* WHAT YOU SHOULD DO: Beginning at the first line of the data, print each line exactly, stopping after the line that contains "10) forklift (535, 0, 1163, 613)".

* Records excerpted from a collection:
_ _ _
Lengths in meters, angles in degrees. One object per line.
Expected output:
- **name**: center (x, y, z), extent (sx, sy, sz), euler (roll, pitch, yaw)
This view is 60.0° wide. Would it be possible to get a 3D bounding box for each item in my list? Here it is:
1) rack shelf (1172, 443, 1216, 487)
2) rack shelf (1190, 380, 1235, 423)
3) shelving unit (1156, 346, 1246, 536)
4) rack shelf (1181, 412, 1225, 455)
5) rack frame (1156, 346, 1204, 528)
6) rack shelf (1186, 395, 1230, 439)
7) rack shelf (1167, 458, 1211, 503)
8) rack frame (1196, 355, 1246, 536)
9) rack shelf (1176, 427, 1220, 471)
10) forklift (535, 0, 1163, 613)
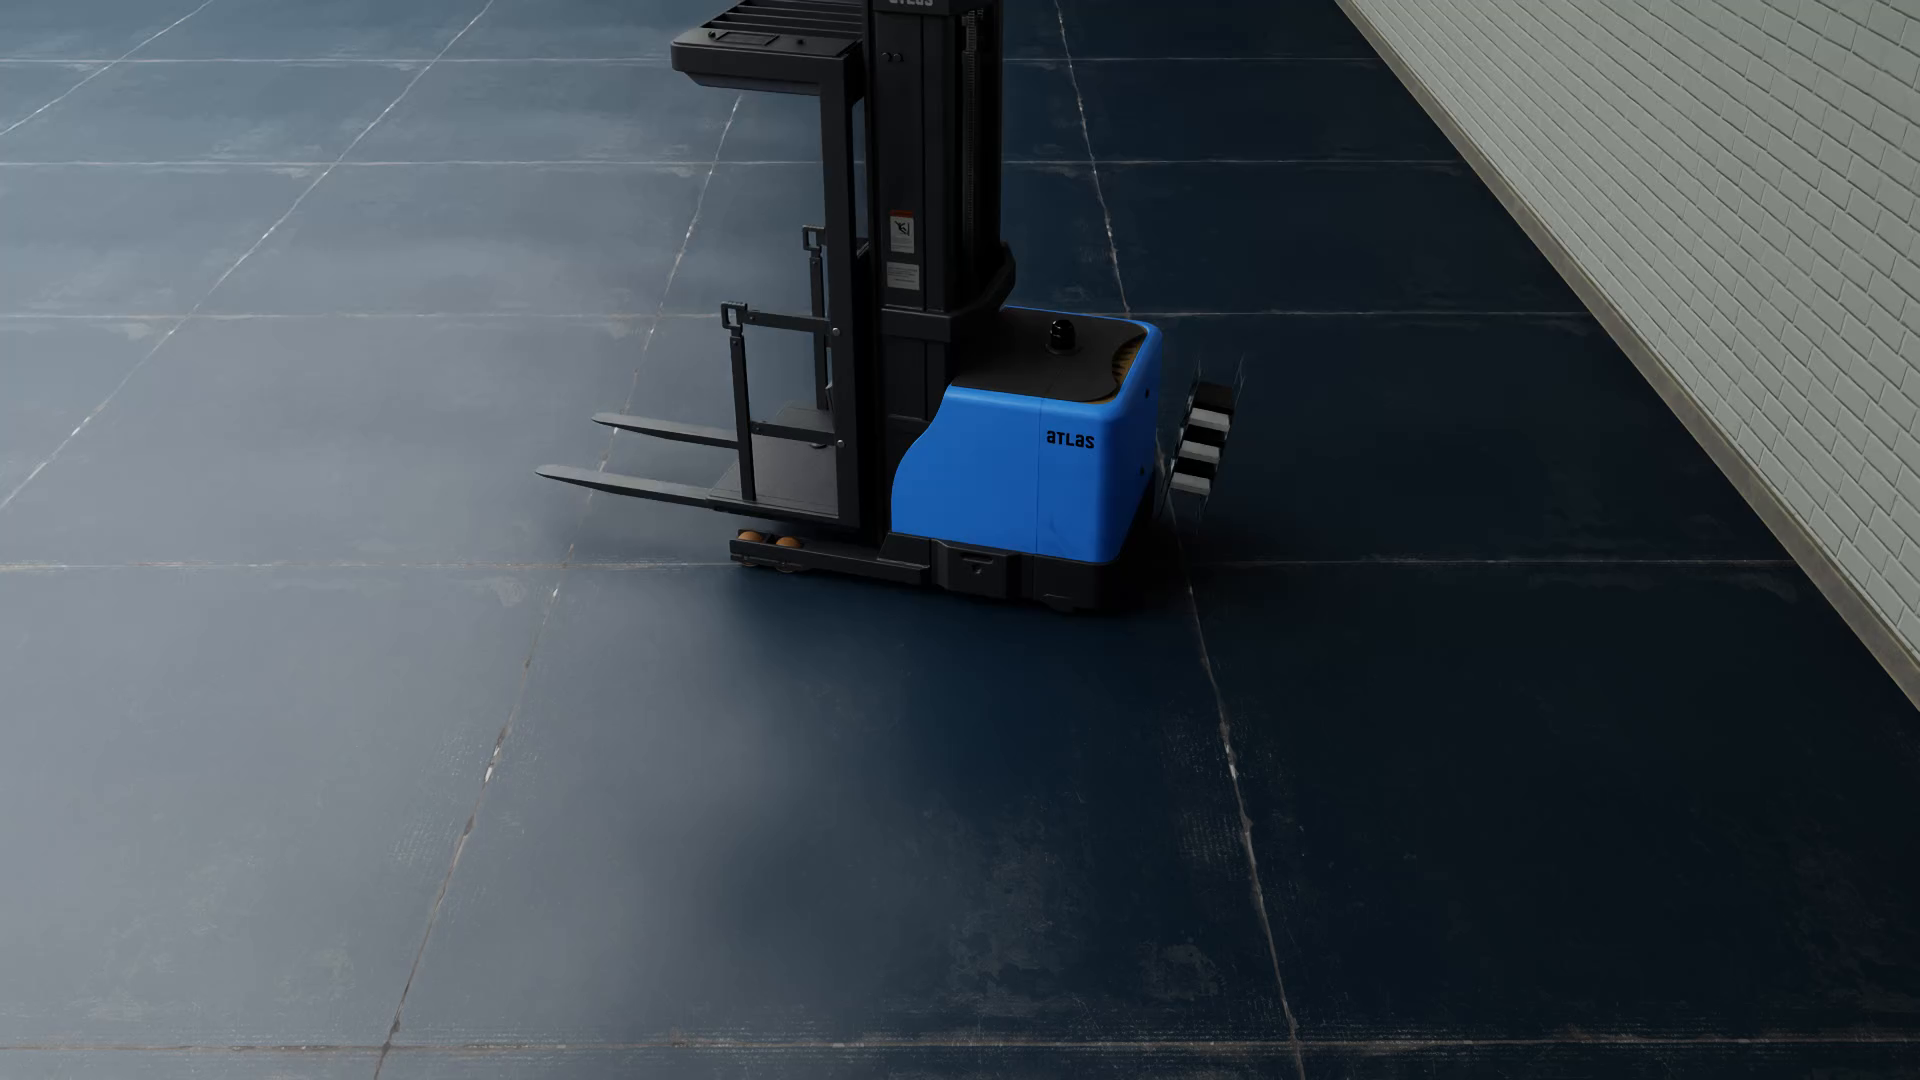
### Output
- **rack shelf**: center (1.152, -0.374, 8.210), extent (0.200, 0.077, 0.258), euler (12, 32, 0)
- **rack shelf**: center (1.216, -0.673, 8.020), extent (0.200, 0.077, 0.258), euler (12, 32, 0)
- **shelving unit**: center (1.174, -0.477, 8.145), extent (0.210, 0.900, 0.258), euler (12, 32, 0)
- **rack shelf**: center (1.184, -0.524, 8.115), extent (0.200, 0.077, 0.258), euler (12, 32, 0)
- **rack frame**: center (1.074, -0.498, 8.144), extent (0.006, 0.900, 0.240), euler (12, 32, 0)
- **rack shelf**: center (1.200, -0.599, 8.068), extent (0.200, 0.077, 0.258), euler (12, 32, 0)
- **rack shelf**: center (1.135, -0.299, 8.257), extent (0.200, 0.077, 0.258), euler (12, 32, 0)
- **rack frame**: center (1.273, -0.456, 8.146), extent (0.006, 0.900, 0.240), euler (12, 32, 0)
- **rack shelf**: center (1.168, -0.449, 8.162), extent (0.200, 0.077, 0.258), euler (12, 32, 0)
- **forklift**: center (-0.604, -1.347, 7.645), extent (3.031, 2.935, 1.130), euler (9, 32, 14)
_ _ _
* TASK RESPONSE:
Lengths in meters, angles in degrees. One object per line.
Expected output:
- **name**: center (x, y, z), extent (sx, sy, sz), euler (roll, pitch, yaw)
This view is 60.0° wide. Would it be possible to get a 3D bounding box for each item in my list? Here it is:
1) rack shelf (1172, 443, 1216, 487)
2) rack shelf (1190, 380, 1235, 423)
3) shelving unit (1156, 346, 1246, 536)
4) rack shelf (1181, 412, 1225, 455)
5) rack frame (1156, 346, 1204, 528)
6) rack shelf (1186, 395, 1230, 439)
7) rack shelf (1167, 458, 1211, 503)
8) rack frame (1196, 355, 1246, 536)
9) rack shelf (1176, 427, 1220, 471)
10) forklift (535, 0, 1163, 613)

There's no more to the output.